Large Language Models (LLM)
How to log your model schema for LLM use cases
This model type is currently in early release. Please contact [email protected] for access
LLM Use Cases | Expected Fields | Evaluation Metrics |
---|---|---|
LLM Summarization | *prediction label, actual label, prediction score, actual score | bleu_scores, rouge_scores, bert_scores, Arize Evaluation Metric* |
LLM Question Answering (QA) | *prediction label, actual label, prediction score, actual score | bleu_scores, rouge_scores, bert_scores, Arize Evaluation Metric* |
*Arize generates an Evaluation Score based on a query to evaluate your LLM performance
The
EmbeddingColumnNames
class constructs your embedding objects. You can log them into the platform using a dictionary that maps the embedding feature names to the embedding objects.
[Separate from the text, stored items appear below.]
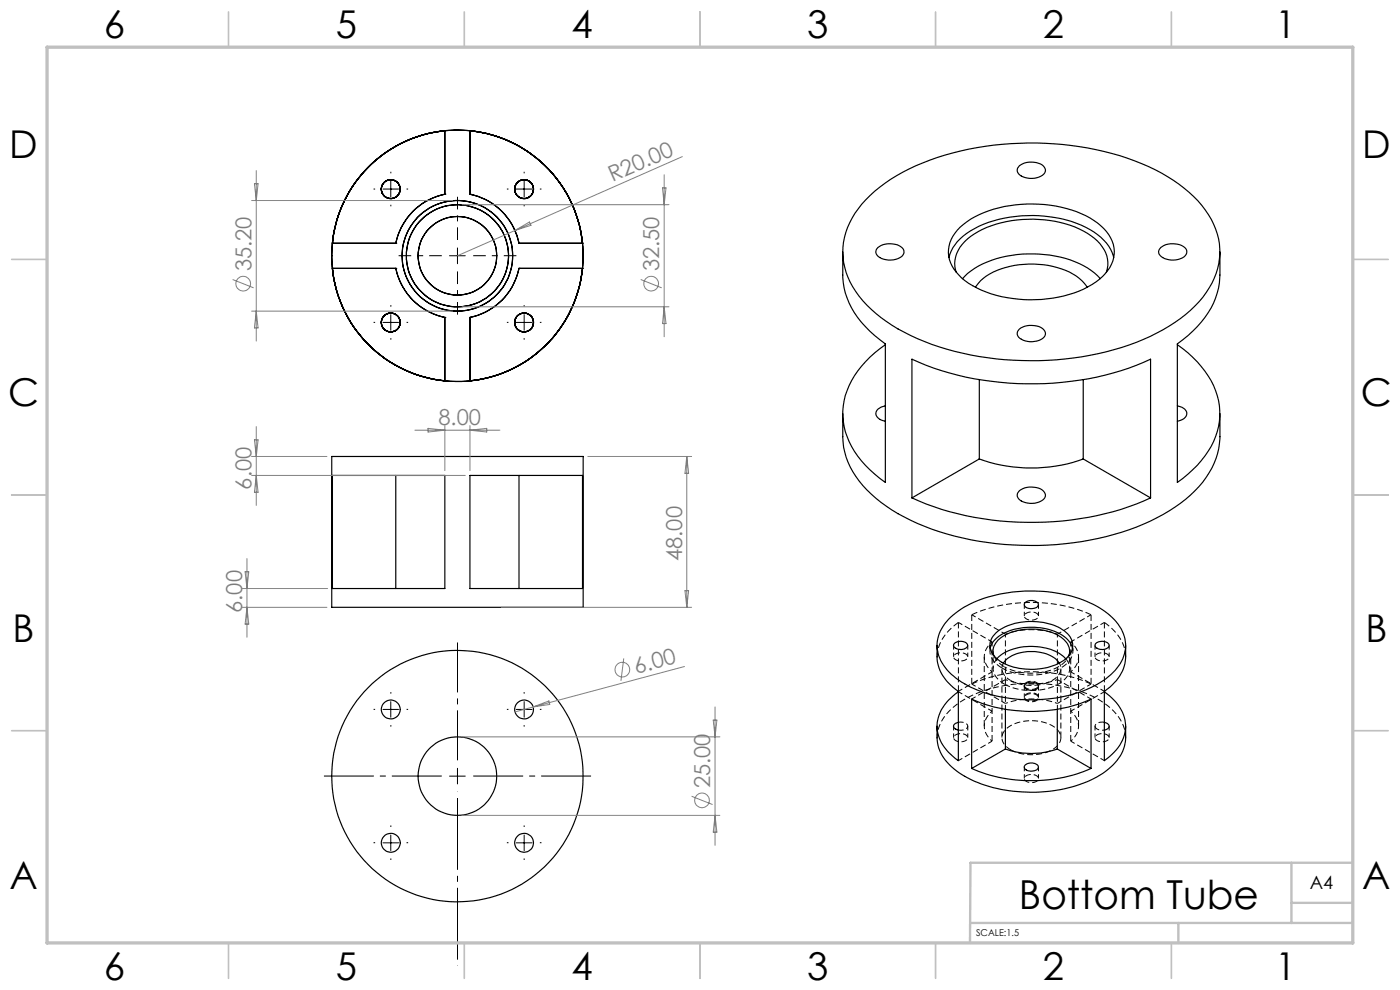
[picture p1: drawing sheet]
<svg xmlns="http://www.w3.org/2000/svg" width="297mm" height="210mm" viewBox="0 0 297 210" stroke-linecap="round" stroke-linejoin="round" font-family="sans-serif">
<defs><g id="words">
<text font-size="8.5" x="216.2" y="192.7">Bottom Tube</text>
<g font-size="8.1">
<text x="22" y="8">6</text>
<text x="71.2" y="8">5</text>
<text x="121.2" y="8">4</text>
<text x="171.3" y="8">3</text>
<text x="221.3" y="8">2</text>
<text x="270.5" y="8">1</text>
<text x="2" y="33.6">D</text>
<text x="289" y="33.6">D</text>
<text x="1.7" y="86.1">C</text>
<text x="288.7" y="86.1">C</text>
<text x="2.7" y="136.1">B</text>
<text x="289.7" y="136.1">B</text>
<text x="2" y="188.6">A</text>
<text x="289" y="188.6">A</text>
<text x="22" y="208">6</text>
<text x="71.2" y="208">5</text>
<text x="121.2" y="208">4</text>
<text x="171.3" y="208">3</text>
<text x="221.3" y="208">2</text>
<text x="270.5" y="208">1</text>
</g>
<g font-size="4.7" fill="#808080">
<text x="129.9" y="38.6" transform="rotate(-24 129.9 38.6)">R20.00</text>
<text x="53.3" y="57.6" transform="rotate(-90 53.3 57.6)">35.20</text>
<text x="139.9" y="57.6" transform="rotate(-90 139.9 57.6)">32.50</text>
<text x="93" y="90.2">8.00</text>
<text x="53.4" y="103.8" transform="rotate(-90 53.4 103.8)">6.00</text>
<text x="144.7" y="119" transform="rotate(-90 144.7 119)">48.00</text>
<text x="51.4" y="130" transform="rotate(-90 51.4 130)">6.00</text>
<text x="135" y="143" transform="rotate(-15 135 143)">6.00</text>
<text x="150.7" y="167.2" transform="rotate(-90 150.7 167.2)">25.00</text>
</g>
<text font-size="3.9" x="277.9" y="188.5">A4</text>
<text font-size="2" x="207.1" y="198.6">SCALE:1.5</text>
</g></defs>
<g fill="none" stroke="#000" stroke-width=".25">
<path d="M94.4 27.7h.1M94.4 27.7a26.6 26.6 0 0 0-23.9 23.9M94.4 27.7v13.5M99.7 27.7h.1M99.7 27.7a26.7 26.7 0 0 1 23.9 23.9M99.7 27.7v13.5M216.3 35.2a4.4 4.4 0 0 1 5.1 0 1.26 1.26 0 0 1-.6 2.2 4.1 4.1 0 0 1-4.9-.8 1.15 1.15 0 0 1 .4-1.4zM70.5 56.9h.1M70.5 51.6h.1M70.5 56.9a26.6 26.6 0 0 0 23.9 23.9M70.5 56.9h13.5M70.5 51.6h13.5"/>
<path d="M84 56.9h.1M84 51.6h.1M84 56.9a13.3 13.3 0 0 0 10.4 10.4M94.4 41.2h.1M94.4 41.2a13.3 13.3 0 0 0-10.4 10.4M99.7 41.2h.1M99.7 41.2a13.3 13.3 0 0 1 10.4 10.4M110.1 51.6h.1M110.1 56.9h.1M110.1 56.9a13.3 13.3 0 0 1-10.4 10.4M110.1 56.9h13.5M110.1 51.6h13.5"/>
<path d="M123.6 51.6h.1M123.6 56.9h.1M123.6 56.9a26.6 26.6 0 0 1-23.9 23.9M178.8 53.4v4.9a16.5 16.5 0 0 0 5.7 12l3.3 2.6v29.4a19.9 19.9 0 0 1-8.7-11.9 15 15 0 0 1 4.5-13.7l2-1.8 2.2-1.8M183.7 42.4a38.7 38.7 0 0 1 18.4-10 65.5 65.5 0 0 1 40.1 2.3 31.1 31.1 0 0 1 13.5 9.8 14.3 14.3 0 0 1 .2 17.6 30.5 30.5 0 0 1-13.3 9.9 64.8 64.8 0 0 1-47.9-.1 29.4 29.4 0 0 1-13.8-11.1 14.3 14.3 0 0 1 1.2-16.5zM186.3 52.5a4.3 4.3 0 0 1 5.3 .3 1.47 1.47 0 0 1-1.2 2.1 4 4 0 0 1-4.5-1l-.1-.3a1.24 1.24 0 0 1 .5-1.1zM201.3 54.6a9.6 9.6 0 0 1 5.5-6.1 27.4 27.4 0 0 1 24.4 .2 9.4 9.4 0 0 1 5.1 5.9M202.9 57.8a6.4 6.4 0 0 1 2.3-7.1 21.8 21.8 0 0 1 15.2-4.1 18.6 18.6 0 0 1 13 5.1 6 6 0 0 1 1.3 6.1M203.7 48.2a22.2 22.2 0 0 1 14.2-4.9 24.5 24.5 0 0 1 14.9 4 7.5 7.5 0 0 1 3.5 7.4 9.8 9.8 0 0 1-5.5 6.1 27.4 27.4 0 0 1-24.5-.2 9.2 9.2 0 0 1-5.1-7 7.3 7.3 0 0 1 2.5-5.4zM204.2 59.1a16.8 16.8 0 0 1 10.4-4.9 24.1 24.1 0 0 1 16.9 3.2l1.9 1.7M246.3 52.5a4.3 4.3 0 0 1 5.3 .3 1.46 1.46 0 0 1-1.2 2.1 4 4 0 0 1-4.5-1 1.12 1.12 0 0 1 .4-1.4zM258.8 53.4v4.9a16.4 16.4 0 0 1-5.8 12l-3.2 2.6v29.4a20.3 20.3 0 0 0 8.7-11.9 15.3 15.3 0 0 0-4.5-13.7l-2-1.8-2.2-1.8"/>
<path d="M94.4 67.3h.1M94.4 67.3v13.5M99.7 67.3h.1M99.7 67.3v13.5M206.9 61a10 10 0 0 1 6.4-4.2 19.1 19.1 0 0 1 15 1.8l1.2 .9 1.1 1.5M216.3 69.8a4.3 4.3 0 0 1 5.3 .3 1.42 1.42 0 0 1-1.2 2.1 4 4 0 0 1-4.5-1 1.15 1.15 0 0 1 .4-1.4zM70.4 96.8h53.3v32h-53.3zM94.4 80.8h.1M99.7 80.8h.1M178.8 87.7v4.9a16.4 16.4 0 0 0 6 12.2 43.2 43.2 0 0 0 21.2 9.7 64.6 64.6 0 0 0 38-3.9 28.1 28.1 0 0 0 12.5-10.3 14.6 14.6 0 0 0 2.3-7.7v-4.9M187.8 86.1a1.98 1.98 0 0 0-2 1.8l.3 .6 .6 .5 1.1 .4M207.8 97.4a32.9 32.9 0 0 0 22 0"/>
<path d="M207.8 80.5v16.9M207.8 97.4l-14.3 8.2M229.8 97.4l14.3 8.2M229.8 80.5v16.9M249.8 86.1a2.25 2.25 0 0 1 2 1.6 2.05 2.05 0 0 1-2 1.7M70.5 100.9h23.9v23.9h-23.9zM84 100.9v23.9M99.7 100.9h23.9v23.9h-23.9zM110.1 100.9v23.9M193.5 105.6a64.2 64.2 0 0 0 40.9 3.4l3.4-1 3.3-1.1 3-1.3M193.5 105.6v-29.4a64.2 64.2 0 0 0 47.6 1.3l3-1.3v29.4M216.3 104.1a4.4 4.4 0 0 1 5.1 .1 1.26 1.26 0 0 1-.6 2.1 4.1 4.1 0 0 1-4.9-.8 1.15 1.15 0 0 1 .4-1.4z"/>
<path d="M198.8 136.9v2.4a9.1 9.1 0 0 0 4.5 7.4v14.7a9.1 9.1 0 0 1-4.5-7.6 9.4 9.4 0 0 1 4.5-7.1M201.2 131.4a23 23 0 0 1 14.5-5.9 29.6 29.6 0 0 1 18.2 3.8 9.5 9.5 0 0 1 4.9 7.8 9.1 9.1 0 0 1-4.2 6.9 28.2 28.2 0 0 1-17.7 4.4 24.9 24.9 0 0 1-15.1-5.4 7.6 7.6 0 0 1-2-9.7zM202.5 136.4a1.97 1.97 0 0 1 2.7 .3 1.17 1.17 0 0 1-1.6 1.1 1.06 1.06 0 0 1-1.3-1.1zM210 137.5a6.3 6.3 0 0 1 4.8-3.9 13.1 13.1 0 0 1 11.4 1.8l.8 .9 .5 1.2M210.8 139.1a3.7 3.7 0 0 1 2.3-4.3 12.2 12.2 0 0 1 12.4 .7 3.1 3.1 0 0 1 1.2 3.6M211.2 134.3a12.7 12.7 0 0 1 11.3-2 6.4 6.4 0 0 1 5 3.8 4 4 0 0 1-2.7 4.5 13.5 13.5 0 0 1-13-.6 3.4 3.4 0 0 1-.6-5.7zM211.5 139.7a10.8 10.8 0 0 1 9.2-2.4 8.7 8.7 0 0 1 5.4 2.4M217.5 127.8a1.98 1.98 0 0 1 2.8 .3 1.09 1.09 0 0 1-1.4 1 1.24 1.24 0 0 1-1.6-1.1zM232.4 136.6a1.97 1.97 0 0 1 2.9 .1 1.37 1.37 0 0 1-1.9 1.1 .88 .88 0 0 1-1-1.2zM238.8 136.9v2.4a9.3 9.3 0 0 1-4.5 7.4v14.7a9.1 9.1 0 0 0 4.5-7.6 9.4 9.4 0 0 0-4.5-7.1M198.8 154v2.5a9.2 9.2 0 0 0 4.6 7.4 29.6 29.6 0 0 0 20.7 3.7 21.1 21.1 0 0 0 12.5-5.8 7.9 7.9 0 0 0 2.2-5.3v-2.5M203.3 153.2a.79 .79 0 0 0-.8 .4 .79 .79 0 0 0 .1 .9l.7 .4"/>
<path d="M212.9 140.6a7.4 7.4 0 0 1 6.7-2.4 6.7 6.7 0 0 1 5.1 2.4M213.3 158.9a16.4 16.4 0 0 0 11 0M213.3 150.5v8.4M213.3 158.9l-7.2 4.1M217.5 145.1a1.98 1.98 0 0 1 2.8 .3 1.09 1.09 0 0 1-1.4 1 1.24 1.24 0 0 1-1.6-1zM224.3 158.9l7.2 4.1M224.3 150.5v8.4M234.3 153.2a.78 .78 0 0 1 .9 .4 .78 .78 0 0 1-.2 1l-.7 .3M206.1 163a32.4 32.4 0 0 0 25.4 0M206.1 163v-14.7a32 32 0 0 0 25.4 0v14.7M217.5 162.2a1.98 1.98 0 0 1 2.8 .4 1.09 1.09 0 0 1-1.4 1 1.24 1.24 0 0 1-1.6-1.1z"/>
<circle cx="82.9" cy="40.1" r="2"/>
<circle cx="82.9" cy="40.1" r="2.01"/>
<circle cx="97" cy="54.3" r="8.3"/>
<circle cx="97" cy="54.2" r="11.7"/>
<circle cx="97" cy="54.3" r="26.7"/>
<circle cx="97" cy="54.2" r="10.8"/>
<circle cx="111.2" cy="40.1" r="1.99"/>
<circle cx="82.9" cy="68.4" r="2"/>
<circle cx="82.9" cy="68.4" r="2.01"/>
<circle cx="111.2" cy="68.4" r="1.99"/>
<circle cx="82.9" cy="150.5" r="2.01"/>
<circle cx="111.2" cy="150.5" r="1.99"/>
<circle cx="82.9" cy="178.8" r="2.01"/>
<circle cx="97" cy="164.6" r="8.3"/>
<circle cx="97" cy="164.6" r="26.7"/>
<circle cx="111.2" cy="178.8" r="1.99"/>
</g>
<path d="M211.5 139.7a3.2 3.2 0 0 0 .8 4.9l.8 .5M203.3 154.9a1.57 1.57 0 0 0 2-.9 1.62 1.62 0 0 0-2-.8M238.8 156.5a9.4 9.4 0 0 0-4.9-7.6 30.2 30.2 0 0 0-20.9-3.5 20.7 20.7 0 0 0-12.2 6 7.8 7.8 0 0 0-2 5.1" fill="none" stroke="#000" stroke-width=".21" stroke-dasharray="1.3 .6" stroke-dashoffset=".2" stroke-linecap="butt"/>
<g fill="none" stroke="#000" stroke-width=".21" stroke-dasharray="1.3 .6" stroke-linecap="butt">
<path d="M203.3 132a9.3 9.3 0 0 0-4.5 7.3M203.3 132v14.6M206.1 130.4v14.7M208.8 139.3v14.7M231.5 130.4a32 32 0 0 0-25.4 0M231.5 130.4v14.7M234.3 132v14.6M238.8 139.3a9.1 9.1 0 0 0-4.5-7.3M210.5 142.5v14.7M212.6 141.8v14.7M213.1 145.1a12.3 12.3 0 0 0 12.3-.6 3.1 3.1 0 0 0 .7-4.8M217.3 145.4v.1"/>
<path d="M220.3 145.5v-.1M225.1 156.5v-14.7M227.1 142.5v14.7M228.8 154v-14.7M231.5 145.1a32 32 0 0 0-25.4 0M234.3 153.2a1.46 1.46 0 0 0-2 .9l.4 .5"/>
</g>
<g fill="none" stroke="#000" stroke-width=".21" stroke-dasharray="1.3 .6" stroke-dashoffset=".7" stroke-linecap="butt">
<path d="M202.7 140a1.77 1.77 0 0 0 2.6-.7 1.77 1.77 0 0 0-3 0l.1 .3 .3 .4M210.5 136.2a3.9 3.9 0 0 0 0 6.3M210.7 138.1v3.7M217.7 131.3a1.77 1.77 0 0 0 2.6-.6 1.77 1.77 0 0 0-3-.1l.1 .3 .3 .4M224.3 134.5a16.4 16.4 0 0 0-11 0M232.7 140a1.77 1.77 0 0 0 2.6-.7 1.77 1.77 0 0 0-3 0l.1 .3 .3 .4M204.9 155.9a.72 .72 0 0 1 .4 .8 .72 .72 0 0 1-.8 .6 1.68 1.68 0 0 1-2.2-.8 1.77 1.77 0 0 1 2.6-.6M210.5 150.9a3.9 3.9 0 0 0 0 6.3M213.3 144.2a16.4 16.4 0 0 0 11 0M217.7 148.6a1.77 1.77 0 0 0 2.6-.6 1.77 1.77 0 0 0-3-.1l.1 .3 .3 .4M217.7 146a1.77 1.77 0 0 0 2.6-.6 1.77 1.77 0 0 0-3-.1l.1 .3 .3 .4M219.9 147.2a.72 .72 0 0 1 .4 .9 .72 .72 0 0 1-.8 .5 1.68 1.68 0 0 1-2.2-.8 1.77 1.77 0 0 1 2.6-.6"/>
<path d="M224.3 149.2a16.4 16.4 0 0 0-11 0M226.9 141.8v-3.7M227.1 157.2a3.9 3.9 0 0 0 0-6.3M227.1 142.5a3.9 3.9 0 0 0 0-6.3M234.9 155.9a.72 .72 0 0 1 .4 .8 .72 .72 0 0 1-.8 .6 1.68 1.68 0 0 1-2.2-.8 1.77 1.77 0 0 1 2.6-.6M219.9 164.5a.72 .72 0 0 1 .4 .9 .72 .72 0 0 1-.8 .5 1.68 1.68 0 0 1-2.2-.7 1.77 1.77 0 0 1 2.6-.7"/>
</g>
<g fill="none" stroke="#000" stroke-width=".21" stroke-dasharray="1.3 .6" stroke-dashoffset=".4" stroke-linecap="butt">
<path d="M202.3 136.9v2.4M205.3 139.3v-2.4M217.3 128.2v2.5M220.3 130.7v-2.5M232.3 136.9v2.4M235.3 139.3v-2.4M202.3 154v2.5M205.3 156.5v-2.5M213.3 144.2v6.2M217.3 145.5v2.5M220.3 148v-2.5M224.3 144.2v6.2"/>
<path d="M232.3 154v2.5M235.3 156.5v-2.5M217.3 162.7v2.4M220.3 165.1v-2.4"/>
</g>
<g fill="none" stroke="#000" stroke-width=".21" stroke-dasharray="1.3 .6" stroke-dashoffset=".3" stroke-linecap="butt">
<path d="M203.3 132l7.2 4.2M210.5 136.2v6.3M213.3 134.5l-7.2-4.1M227.1 136.2v6.3M227.1 136.2l7.2-4.2M231.5 130.4l-7.2 4.1M203.3 146.7l7.2 4.2M206.1 148.3l7.2-4.1M210.5 142.5l-7.2 4.1M210.5 157.2l-7.2 4.1M212.9 140.6a2.65 2.65 0 0 0 1.5 3.7M213.3 149.2l-7.2-4.1"/>
<path d="M224.3 144.2l7.2 4.1M227.1 150.9l7.2-4.2M231.5 145.1l-7.2 4.1M234.3 146.6l-7.2-4.1M234.3 161.3l-7.2-4.1"/>
</g>
<path d="M212.6 141.7a13.4 13.4 0 0 0 13.4-.7 3.6 3.6 0 0 0 1.5-3.5M214.4 159a9.3 9.3 0 0 0 9.8-.7 2.5 2.5 0 0 0-.6-4.1 9.3 9.3 0 0 0-10.2 .4 2.5 2.5 0 0 0 .6 4.2l.4 .2" fill="none" stroke="#000" stroke-width=".21" stroke-dasharray="1.3 .6" stroke-dashoffset=".1" stroke-linecap="butt"/>
<path d="M210.1 137.5a4 4 0 0 0 2.5 4.2M210.8 139.1a4.6 4.6 0 0 0 2.3 2.3" fill="none" stroke="#000" stroke-width=".21" stroke-dasharray="1.3 .6" stroke-dashoffset="-.1" stroke-linecap="butt"/>
<path d="M210 136.9v1.2M213.3 134.5v9.7M224.3 134.5v9.7M227.6 138.1v-1.2M213.1 141.4a12.3 12.3 0 0 0 12.3-.6l.9-.8 .5-.9" fill="none" stroke="#000" stroke-width=".21" stroke-dasharray="1.3 .6" stroke-dashoffset=".6" stroke-linecap="butt"/>
<path d="M214.4 144.3a9.3 9.3 0 0 0 9.8-.7 2.34 2.34 0 0 0 .5-3" fill="none" stroke="#000" stroke-width=".21" stroke-dasharray="1.3 .6" stroke-dashoffset=".5" stroke-linecap="butt"/>
<path d="M232.7 154.6l.7 .3h.9" fill="none" stroke="#000" stroke-width=".21" stroke-dasharray="1.3 .6" stroke-dashoffset=".8" stroke-linecap="butt"/>
<g fill="none" stroke="#808080" stroke-width=".21">
<path d="M54 39h.8l-.4 3.5zM54.4 36.2v36.1M140.5 39.9h.8l-.4 3.5zM140.9 37.1v34.3M144.7 33.2l-35.4 15.7M49.4 59.3l4.4 1.8M53.4 42.5h42.6M98 43.4h43.9M109.3 48.9l-12.3 5.3M109.3 48.9l3-1.8 .3 .7zM135.9 59.3l4.5 1.8M53.4 66h42.6"/>
<path d="M54.4 66l.4 3.6h-.8zM98 65.1h43.9M140.9 65.1l.4 3.5h-.8zM53.4 96.8h16M54 93.3h.8l-.4 3.5zM54.4 90.5v16.7M88 91.3h18M90.8 90.9l3.6 .4-3.6 .3zM94.4 90.3v9.5M99.7 90.3v9.5M99.7 91.3l3.6-.4v.7zM124.7 96.8h22"/>
<path d="M145.7 96.8v32M145.7 96.8l.4 3.6h-.8zM52.4 118.5v16.7M53.4 100.9h45.3M54.4 100.9l.4 3.5h-.8zM51.4 128.8h18M51.4 124.8h18.1M52 121.3h.8l-.4 3.5zM52.4 128.8l.4 3.6h-.8zM106.4 128.8h40.3M132.3 139.7l-.6 4.7M145.3 125.3h.8l-.4 3.5z"/>
<path d="M98 156.3h54.7M113.1 150l-3.8 1M113.1 150l3.4-1.3 .1 .7zM145.2 141.4l-32.1 8.6M151.3 152.7h.8l-.4 3.6zM151.7 150v29.3M98 173h54.7M146.7 168.9l4.5 1.8M151.7 173l.4 3.5h-.8z"/>
<circle cx="51.6" cy="60.2" r="1.56"/>
<circle cx="138.1" cy="60.2" r="1.55"/>
<circle cx="132" cy="142" r="1.55"/>
<circle cx="148.9" cy="169.8" r="1.55"/>
</g>
<path d="M93.7 164.6h-25M97.1 161.3v-25M100.4 164.6h25" fill="none" stroke="#000" stroke-width=".21" stroke-dasharray="15.2 1.3 1.3 1.3" stroke-dashoffset="4.6" stroke-linecap="butt"/>
<path d="M97.1 167.9v37" fill="none" stroke="#000" stroke-width=".21" stroke-dasharray="15.2 1.3 1.3 1.3" stroke-dashoffset="-1.3" stroke-linecap="butt"/>
<g fill="none" stroke="#000" stroke-width=".21" stroke-dasharray="15.2 1.3 1.3 1.3" stroke-linecap="butt">
<path d="M82.9 36.8v-.4M111.2 36.8v-.4M79.6 40.1h-.4M82.9 43.4v.4M86.2 40.1h.4M107.9 40.1h-.4M111.2 43.4v.4M114.5 40.1h.4M79.6 68.4h-.4M82.9 65.1v-.4M82.9 71.7v.4M86.2 68.4h.4"/>
<path d="M107.9 68.4h-.4M111.2 65.1v-.4M111.2 71.7v.4M114.5 68.4h.4M79.6 150.5h-.4M82.9 147.1v-.3M82.9 153.8v.3M86.2 150.5h.4M107.9 150.5h-.4M111.2 147.1v-.3M111.2 153.8v.3M114.5 150.5h.4"/>
<path d="M79.6 178.8h-.4M82.9 175.4v-.3M86.2 178.8h.4M107.9 178.8h-.4M111.2 175.4v-.3M114.5 178.8h.4M82.9 182.1v.3M111.2 182.1v.3"/>
</g>
<path d="M93.7 54.2h-9.1M97.1 50.9v-9.2M97.1 57.6v9.1M100.4 54.2h9.2" fill="none" stroke="#000" stroke-width=".21" stroke-dasharray="15.2 1.3 1.3 1.3" stroke-dashoffset="12.6" stroke-linecap="butt"/>
<g fill="none" stroke="#000" stroke-width=".21">
<path d="M82.9 38.4v3.4M111.2 38.4v3.4M81.2 40.1h3.4M95.4 54.2h3.3M97 52.6v3.3M109.5 40.1h3.4M81.2 68.4h3.4M82.9 66.7v3.4M109.5 68.4h3.4M111.2 66.7v3.4M81.2 150.5h3.4M82.9 148.8v3.3"/>
<path d="M109.5 150.5h3.4M111.2 148.8v3.3M81.2 178.8h3.4M82.9 177.1v3.3M95.4 164.6h3.3M97 163v3.3M109.5 178.8h3.4M111.2 177.1v3.3"/>
</g>
<g fill="none" stroke="#c0c0c0" stroke-width=".35">
<path d="M48.5 2.5v7.5M98.5 2.5v7.5M148.5 2.5v7.5M198.5 2.5v7.5M248.5 2.5v7.5M2.5 55h7.5M287 55h7.5M2.5 105h7.5M287 105h7.5M2.5 155h7.5M287 155h7.5M48.5 200v7.5"/>
<path d="M98.5 200v7.5M148.5 200v7.5M198.5 200v7.5M248.5 200v7.5"/>
</g>
<path d="M205.8 195.8h81.2M250 195.8v4.2M274 183v12.8M274 191.5h13M287 183h-81.1l-.1 17" fill="none" stroke="#c0c0c0" stroke-width=".5"/>
<path d="M10 10h277v190h-277z" fill="none" stroke="#c0c0c0" stroke-width=".7"/>
<use href="#words"/>
</svg>

See our API reference for more details.Python Pandas
prompt | Text | actual | summary | prediction_vector | prompt_vector | Timestamp |
---|---|---|---|---|---|---|
This is the moment when an angry woman forced ... | | This is the moment when an angry woman forced ... | This is the moment when an angry woman forced ... | [-0.2077837288, -0.3230468631, -0.08706595, -0... | [-0.1104477122, -0.35748869180000004, -0.02833... | 1618590882 |
from arize.pandas.logger import Client, Schema
from arize.utils.types import ModelTypes, Environments, EmbeddingColumnNames
API_KEY = 'ARIZE_API_KEY'
SPACE_KEY = 'YOUR SPACE KEY'
arize_client = Client(space_key=SPACE_KEY, api_key=API_KEY)
feature_column_names=[
"prompt",
"bleu_score",
"rogue_score",
"evaluation_score"
]
# Declare embedding feature columns
embedding_feature_column_names = {
# Dictionary keys will be the name of the embedding feature in the app
"prompt_embedding": EmbeddingColumnNames(
vector_column_name="prompt_vector",
data_column_name="prompt",
),
"prediction_embedding": EmbeddingColumnNames(
vector_column_name="prediction_vector",
data_column_name="summary",
)
}
# Defina the Schema, including embedding information
schema = Schema(
prediction_id_column_name="prediction_id",
timestamp_column_name="prediction_ts",
prediction_label_column_name="summary", # this is generated summary
actual_label_column_name="actual", # reference text, actual summary
feature_column_names=feature_column_names,
embedding_feature_column_names=embedding_feature_column_names,
)
# Log the dataframe with the schema mapping
response = arize_client.log(
model_id="generative-ai-text-summarization-tutorial-v2-cnn",
model_version= "v1",
model_type=ModelTypes.SCORE_CATEGORICAL,
environment=Environments.PRODUCTION,
dataframe=test_dataframe,
schema=schema,
)
Arize supports logging the embedding features associated with the text the model is acting on and the text itself using the
EmbeddingColumnNames
object.{
"embedding_display_name": EmbeddingColumnNames(
vector_column_name="text_vector",
data_column_name="text"
)
}
The embedding
vector
is the dense vector representation of the unstructured input. See here for more information on embeddings and options for generating them. The embedding data
is the raw data associated with the vector. It is the field typically chosen for LLM use-cases since you can introduce both strings (full sentences) or list of strings (token arrays).